Greener Lives loves to share ideas about healthy and sustainable interior design, creating greener homes, discovering amazing eco-friendly products and exploring a bit of all things green.

Monday, June 6, 2016

How green can and should buildings be?

People are always asking me: What makes buildings green? Jason McLennan has an answer, an 81-page answer called the Living Building Challenge (LBC). Even though most of the 81 pages in the LBC guidelines are in full color and have background scenes like green buildings, a girl and a cat looking out a window (truly) and someone meditating, the Living Building Challenge is the most rigorous certification standard for green buildings in the United States. McLennan created the LBC in 2006 and began certifying buildings in 2010, but only 11 buildings have been certified for meeting the full standard since then.

Not everyone is put off by the challenge. In April, famed actor Leonardo DiCaprio commissioned McLennan to design "Blackadore Caye, a Restorative Island," a 68-villa eco-resort on a private island in Belize. All construction on the 104-acre site will meet the LBC standard. McLennan is a practicing architect and the former CEO of the International Living Future Institute, which runs the Living Building Challenge.

The 81-page, full-color guidelines to the Living Building Challenge are not fine-print checklists.

The Living Building Challenge is a vision of what green can be, and it's different from other building certification systems in integral ways. As McLennan explains in Green Biz magazine: "All of the green building programs that exist in the world are built around a notion of doing less harm, so we turned that on its head and we're trying to define what 'good' looks like, which is a very different thing." He adds, "Instead of buildings that are less likely to give you cancer, how about buildings that can't give you cancer? Instead of buildings that produce less pollution than the average building, how about a building that produces no pollution?"

Other green building certification programs like LEED (Leadership in Energy and Environmental Design) and Green Globes are points-based systems. They require that projects meet certain criteria in a number of categories. Then, projects are awarded points for meeting other optional criteria.

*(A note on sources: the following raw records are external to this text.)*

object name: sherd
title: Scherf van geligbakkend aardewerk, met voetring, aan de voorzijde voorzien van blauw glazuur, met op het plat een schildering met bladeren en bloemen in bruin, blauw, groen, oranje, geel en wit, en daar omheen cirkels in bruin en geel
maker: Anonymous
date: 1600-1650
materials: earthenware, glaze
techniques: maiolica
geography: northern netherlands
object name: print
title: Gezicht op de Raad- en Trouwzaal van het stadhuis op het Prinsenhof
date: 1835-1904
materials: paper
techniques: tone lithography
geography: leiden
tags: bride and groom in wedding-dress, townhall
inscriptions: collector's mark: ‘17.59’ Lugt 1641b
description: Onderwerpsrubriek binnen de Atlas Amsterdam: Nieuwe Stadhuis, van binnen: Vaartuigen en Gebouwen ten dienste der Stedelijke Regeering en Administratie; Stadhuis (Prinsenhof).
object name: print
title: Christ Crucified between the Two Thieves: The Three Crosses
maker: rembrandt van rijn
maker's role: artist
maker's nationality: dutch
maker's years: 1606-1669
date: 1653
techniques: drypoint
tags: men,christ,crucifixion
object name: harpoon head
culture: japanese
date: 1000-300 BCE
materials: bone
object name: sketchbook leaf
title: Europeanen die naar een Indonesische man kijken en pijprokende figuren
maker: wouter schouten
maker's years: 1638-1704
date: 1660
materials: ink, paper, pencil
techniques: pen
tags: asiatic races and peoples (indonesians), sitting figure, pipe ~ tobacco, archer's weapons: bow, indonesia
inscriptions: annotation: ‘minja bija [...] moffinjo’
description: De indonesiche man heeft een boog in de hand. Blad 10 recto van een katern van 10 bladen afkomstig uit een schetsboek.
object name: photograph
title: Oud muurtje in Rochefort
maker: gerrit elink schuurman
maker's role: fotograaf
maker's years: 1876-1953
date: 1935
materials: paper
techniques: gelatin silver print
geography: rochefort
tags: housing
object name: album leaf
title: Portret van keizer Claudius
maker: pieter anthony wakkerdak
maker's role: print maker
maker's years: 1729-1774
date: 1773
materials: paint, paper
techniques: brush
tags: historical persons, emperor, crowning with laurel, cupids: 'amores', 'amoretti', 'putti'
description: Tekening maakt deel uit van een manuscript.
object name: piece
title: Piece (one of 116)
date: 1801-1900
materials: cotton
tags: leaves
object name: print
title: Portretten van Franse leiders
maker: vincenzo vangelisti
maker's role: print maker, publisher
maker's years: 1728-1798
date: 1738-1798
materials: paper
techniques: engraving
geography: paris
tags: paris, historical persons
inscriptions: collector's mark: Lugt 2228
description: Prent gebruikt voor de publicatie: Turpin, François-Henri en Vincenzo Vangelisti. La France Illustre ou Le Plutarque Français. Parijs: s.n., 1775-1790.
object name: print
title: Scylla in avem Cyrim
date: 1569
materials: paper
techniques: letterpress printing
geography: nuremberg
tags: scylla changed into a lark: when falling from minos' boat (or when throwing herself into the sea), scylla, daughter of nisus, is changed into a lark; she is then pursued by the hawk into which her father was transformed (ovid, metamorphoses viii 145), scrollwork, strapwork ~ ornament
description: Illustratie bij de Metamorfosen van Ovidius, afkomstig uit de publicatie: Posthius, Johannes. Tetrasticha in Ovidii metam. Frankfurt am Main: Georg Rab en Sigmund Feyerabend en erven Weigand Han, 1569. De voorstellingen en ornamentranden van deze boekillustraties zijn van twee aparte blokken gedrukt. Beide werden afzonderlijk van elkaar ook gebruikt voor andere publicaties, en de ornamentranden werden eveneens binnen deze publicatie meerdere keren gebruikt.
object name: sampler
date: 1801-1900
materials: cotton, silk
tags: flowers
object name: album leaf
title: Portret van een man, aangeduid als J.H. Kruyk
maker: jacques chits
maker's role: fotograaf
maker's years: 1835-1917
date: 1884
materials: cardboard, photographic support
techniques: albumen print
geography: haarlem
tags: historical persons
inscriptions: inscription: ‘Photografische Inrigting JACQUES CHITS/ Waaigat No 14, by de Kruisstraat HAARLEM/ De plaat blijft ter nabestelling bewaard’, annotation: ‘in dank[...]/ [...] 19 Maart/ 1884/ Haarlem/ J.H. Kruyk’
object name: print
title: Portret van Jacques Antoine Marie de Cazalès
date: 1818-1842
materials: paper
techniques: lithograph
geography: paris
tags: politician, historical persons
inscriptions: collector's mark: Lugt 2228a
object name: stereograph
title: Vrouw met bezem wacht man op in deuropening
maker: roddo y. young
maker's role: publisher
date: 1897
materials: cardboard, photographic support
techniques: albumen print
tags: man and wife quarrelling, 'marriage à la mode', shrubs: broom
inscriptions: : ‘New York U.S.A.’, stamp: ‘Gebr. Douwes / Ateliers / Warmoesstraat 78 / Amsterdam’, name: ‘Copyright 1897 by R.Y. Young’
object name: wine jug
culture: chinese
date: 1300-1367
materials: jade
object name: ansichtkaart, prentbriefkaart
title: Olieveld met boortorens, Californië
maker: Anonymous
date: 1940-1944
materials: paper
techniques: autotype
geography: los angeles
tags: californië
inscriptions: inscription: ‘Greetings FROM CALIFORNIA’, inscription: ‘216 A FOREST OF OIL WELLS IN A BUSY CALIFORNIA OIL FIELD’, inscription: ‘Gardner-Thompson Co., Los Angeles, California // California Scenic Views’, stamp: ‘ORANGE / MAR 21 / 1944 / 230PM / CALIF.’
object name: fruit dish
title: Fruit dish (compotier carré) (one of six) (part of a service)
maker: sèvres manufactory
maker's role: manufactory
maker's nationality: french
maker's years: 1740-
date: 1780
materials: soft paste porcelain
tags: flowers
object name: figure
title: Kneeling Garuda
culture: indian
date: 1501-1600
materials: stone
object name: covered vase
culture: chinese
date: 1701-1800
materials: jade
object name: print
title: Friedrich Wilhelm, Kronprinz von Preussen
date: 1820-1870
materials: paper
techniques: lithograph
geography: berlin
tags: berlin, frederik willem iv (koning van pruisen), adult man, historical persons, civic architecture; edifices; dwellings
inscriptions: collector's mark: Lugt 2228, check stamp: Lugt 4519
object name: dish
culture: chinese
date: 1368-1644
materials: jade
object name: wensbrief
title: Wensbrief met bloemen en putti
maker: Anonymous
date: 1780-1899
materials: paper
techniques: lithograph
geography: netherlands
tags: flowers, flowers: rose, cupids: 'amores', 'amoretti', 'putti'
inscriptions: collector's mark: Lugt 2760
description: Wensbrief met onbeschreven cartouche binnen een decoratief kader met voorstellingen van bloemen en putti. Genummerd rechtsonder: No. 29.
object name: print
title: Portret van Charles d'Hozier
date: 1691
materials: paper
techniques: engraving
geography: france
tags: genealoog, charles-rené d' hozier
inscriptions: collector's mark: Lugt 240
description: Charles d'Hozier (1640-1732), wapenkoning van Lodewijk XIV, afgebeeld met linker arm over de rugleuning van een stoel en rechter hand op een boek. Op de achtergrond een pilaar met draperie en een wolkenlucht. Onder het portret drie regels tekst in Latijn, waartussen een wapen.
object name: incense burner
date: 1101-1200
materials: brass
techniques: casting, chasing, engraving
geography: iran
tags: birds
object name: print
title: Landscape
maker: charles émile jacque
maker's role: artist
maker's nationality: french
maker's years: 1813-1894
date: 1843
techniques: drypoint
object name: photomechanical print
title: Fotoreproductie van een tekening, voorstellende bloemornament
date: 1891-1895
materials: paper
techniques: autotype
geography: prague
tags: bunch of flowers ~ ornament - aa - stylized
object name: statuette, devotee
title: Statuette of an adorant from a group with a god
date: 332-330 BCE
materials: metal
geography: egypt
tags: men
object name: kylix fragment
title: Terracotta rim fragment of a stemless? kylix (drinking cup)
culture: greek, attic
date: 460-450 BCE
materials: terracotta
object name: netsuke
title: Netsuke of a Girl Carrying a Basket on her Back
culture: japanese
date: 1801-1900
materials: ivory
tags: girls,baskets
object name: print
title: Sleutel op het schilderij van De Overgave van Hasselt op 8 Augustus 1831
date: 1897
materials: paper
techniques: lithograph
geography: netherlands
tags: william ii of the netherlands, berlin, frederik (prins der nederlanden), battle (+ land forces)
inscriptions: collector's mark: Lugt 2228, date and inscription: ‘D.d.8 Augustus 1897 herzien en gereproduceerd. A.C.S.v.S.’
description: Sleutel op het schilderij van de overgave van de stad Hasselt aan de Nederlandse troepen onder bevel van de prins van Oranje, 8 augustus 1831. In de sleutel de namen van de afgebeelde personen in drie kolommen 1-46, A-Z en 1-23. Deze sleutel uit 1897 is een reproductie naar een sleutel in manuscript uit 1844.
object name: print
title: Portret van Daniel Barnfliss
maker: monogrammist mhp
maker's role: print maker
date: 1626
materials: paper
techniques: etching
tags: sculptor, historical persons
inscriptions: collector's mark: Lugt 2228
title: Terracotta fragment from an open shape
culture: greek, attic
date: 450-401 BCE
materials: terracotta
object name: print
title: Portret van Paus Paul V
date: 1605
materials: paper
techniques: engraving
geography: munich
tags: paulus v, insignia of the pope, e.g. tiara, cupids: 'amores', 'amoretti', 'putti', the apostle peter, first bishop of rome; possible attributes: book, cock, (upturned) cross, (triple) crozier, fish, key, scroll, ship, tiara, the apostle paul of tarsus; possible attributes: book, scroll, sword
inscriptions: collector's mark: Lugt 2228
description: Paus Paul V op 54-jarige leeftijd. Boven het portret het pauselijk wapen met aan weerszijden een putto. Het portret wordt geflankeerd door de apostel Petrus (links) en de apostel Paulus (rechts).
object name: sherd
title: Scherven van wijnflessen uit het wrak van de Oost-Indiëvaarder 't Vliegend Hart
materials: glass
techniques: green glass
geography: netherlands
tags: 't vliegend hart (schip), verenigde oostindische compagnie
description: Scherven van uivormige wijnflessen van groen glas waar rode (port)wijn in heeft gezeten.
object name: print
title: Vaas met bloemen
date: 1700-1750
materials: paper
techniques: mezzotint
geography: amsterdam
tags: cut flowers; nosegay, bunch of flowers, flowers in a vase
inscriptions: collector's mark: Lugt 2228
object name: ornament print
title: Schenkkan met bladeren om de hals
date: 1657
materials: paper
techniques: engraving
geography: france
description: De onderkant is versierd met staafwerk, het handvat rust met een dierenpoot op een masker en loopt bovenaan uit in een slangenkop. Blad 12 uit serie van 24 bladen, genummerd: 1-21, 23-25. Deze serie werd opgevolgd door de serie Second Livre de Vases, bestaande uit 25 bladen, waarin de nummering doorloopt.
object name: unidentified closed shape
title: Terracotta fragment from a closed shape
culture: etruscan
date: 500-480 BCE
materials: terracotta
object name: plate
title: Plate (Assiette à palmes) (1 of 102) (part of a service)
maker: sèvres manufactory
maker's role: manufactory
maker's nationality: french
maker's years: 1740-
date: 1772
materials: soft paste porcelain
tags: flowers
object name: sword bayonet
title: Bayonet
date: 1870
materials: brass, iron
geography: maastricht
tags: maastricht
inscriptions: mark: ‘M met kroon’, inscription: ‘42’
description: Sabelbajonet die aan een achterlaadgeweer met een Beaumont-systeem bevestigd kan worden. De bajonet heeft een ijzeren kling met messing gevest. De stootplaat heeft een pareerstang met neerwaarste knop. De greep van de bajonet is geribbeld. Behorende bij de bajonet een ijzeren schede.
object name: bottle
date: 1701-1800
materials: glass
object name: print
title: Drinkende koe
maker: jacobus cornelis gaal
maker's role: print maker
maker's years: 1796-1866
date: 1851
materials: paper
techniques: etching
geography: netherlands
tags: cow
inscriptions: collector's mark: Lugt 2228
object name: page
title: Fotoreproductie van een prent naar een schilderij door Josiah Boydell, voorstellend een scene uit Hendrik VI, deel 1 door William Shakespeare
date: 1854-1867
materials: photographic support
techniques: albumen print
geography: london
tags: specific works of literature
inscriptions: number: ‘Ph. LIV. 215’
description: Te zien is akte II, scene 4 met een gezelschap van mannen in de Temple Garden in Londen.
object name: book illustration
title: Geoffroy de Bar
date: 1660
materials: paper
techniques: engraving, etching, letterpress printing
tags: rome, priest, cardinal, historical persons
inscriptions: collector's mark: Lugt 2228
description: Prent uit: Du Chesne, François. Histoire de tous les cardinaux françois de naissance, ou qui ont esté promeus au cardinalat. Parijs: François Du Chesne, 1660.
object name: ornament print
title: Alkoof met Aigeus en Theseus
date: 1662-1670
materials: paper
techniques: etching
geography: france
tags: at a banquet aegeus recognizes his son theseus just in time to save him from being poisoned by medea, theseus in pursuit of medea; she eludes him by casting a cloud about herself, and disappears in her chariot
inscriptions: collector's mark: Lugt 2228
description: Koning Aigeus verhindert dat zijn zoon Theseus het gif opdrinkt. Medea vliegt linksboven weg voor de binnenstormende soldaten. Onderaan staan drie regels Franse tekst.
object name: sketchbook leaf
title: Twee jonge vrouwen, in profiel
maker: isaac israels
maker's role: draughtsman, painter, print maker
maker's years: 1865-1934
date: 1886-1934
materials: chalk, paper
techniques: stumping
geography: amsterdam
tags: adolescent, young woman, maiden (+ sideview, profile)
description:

Depending on how many points they achieve, projects can be certified at different levels like Silver, Gold and Platinum. (Let me note here that I am a LEED Accredited Professional, and a member of the U.S. Green Building Council, which developed the LEED system.)

One complaint about LEED, the most widely used green building certification system in the United States, is that project managers can pick and choose easy points to gain higher certification levels. With the Living Building Challenge, it's an all or nothing proposition. The guidelines provide the criteria, and projects must meet them all to be certified. There are no points. On the other hand, the Living Building Challenge does offer two types of certification that do not require projects to meet all of the guidelines: Petal Certification and Net Zero Energy Building Certification. The LBC guidelines have seven performance categories, which it calls "Petals": Place, Water, Energy, Health & Happiness, Materials, Equity and Beauty. I love that the LBC recognizes that aesthetics and psychological well being are an important part of building design and construction.

In a sense, a fully certified LBC building is a mini-city. It has to have "Net Positive Energy" so that the building generates 5% more energy on site without combustion than it needs. It also has to have "Net Positive Water," which means that 100% of the water for the building has to be captured, recycled, reclaimed and purified on site. All storm water and water discharge has to be treated on site, so it does not use the municipal sewage system.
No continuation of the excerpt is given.